AIM OF THE EXERCISE: Reproduce the listing below in full and exactly; no pictures belong in the copy.

DATA:
****************************************

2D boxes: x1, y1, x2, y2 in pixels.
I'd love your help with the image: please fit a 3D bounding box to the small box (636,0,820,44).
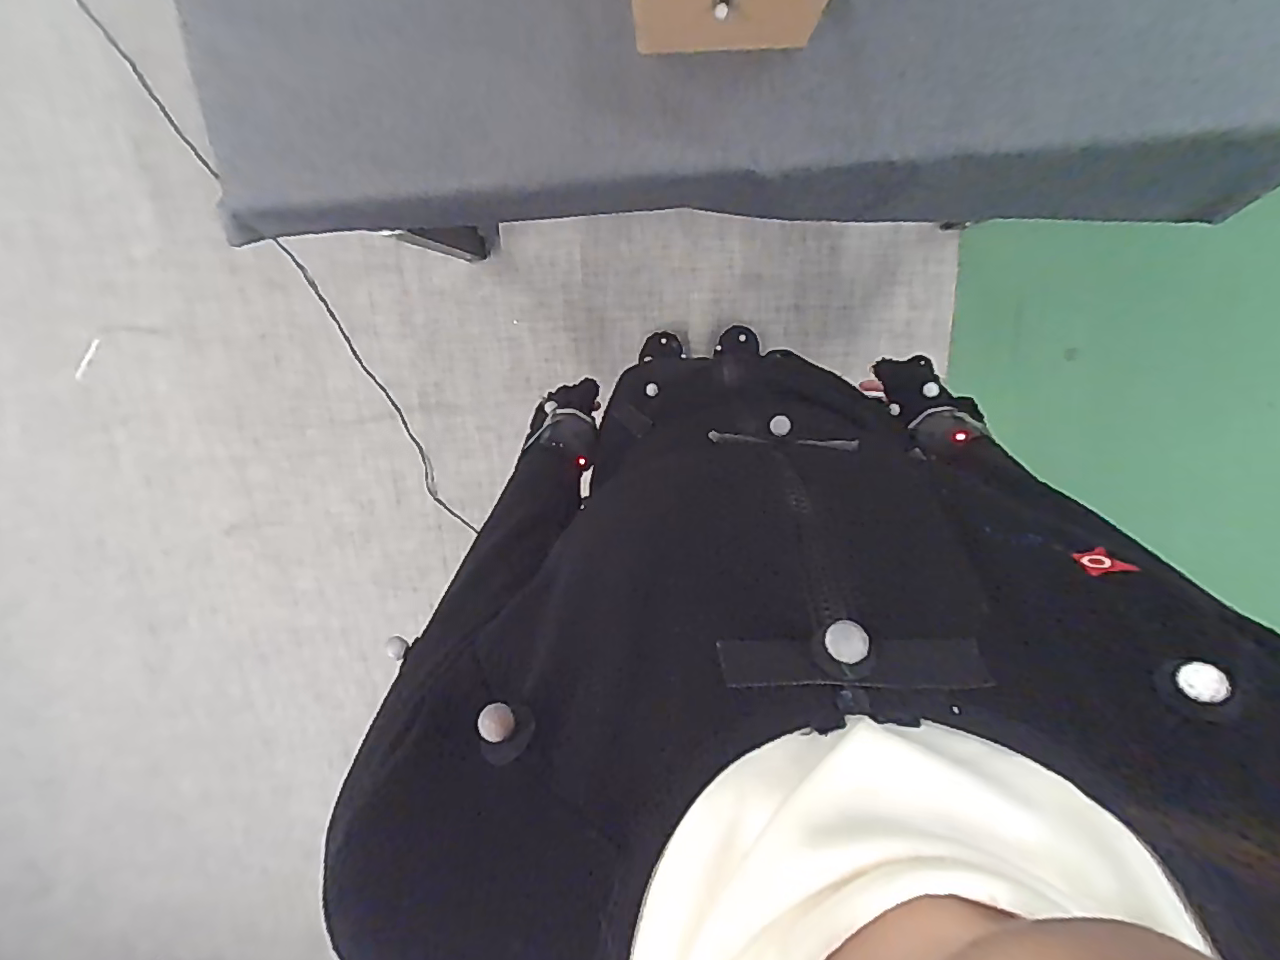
[{"bbox_3d":[0.083,-0.507,0.459,0.179,0.176,0.168,0,106,4],"label":"small box"}]

****************************************

FINAL ANSWER:
2D boxes: x1, y1, x2, y2 in pixels.
I'd love your help with the image: please fit a 3D bounding box to the small box (636,0,820,44).
[{"bbox_3d":[0.083,-0.507,0.459,0.179,0.176,0.168,0,106,4],"label":"small box"}]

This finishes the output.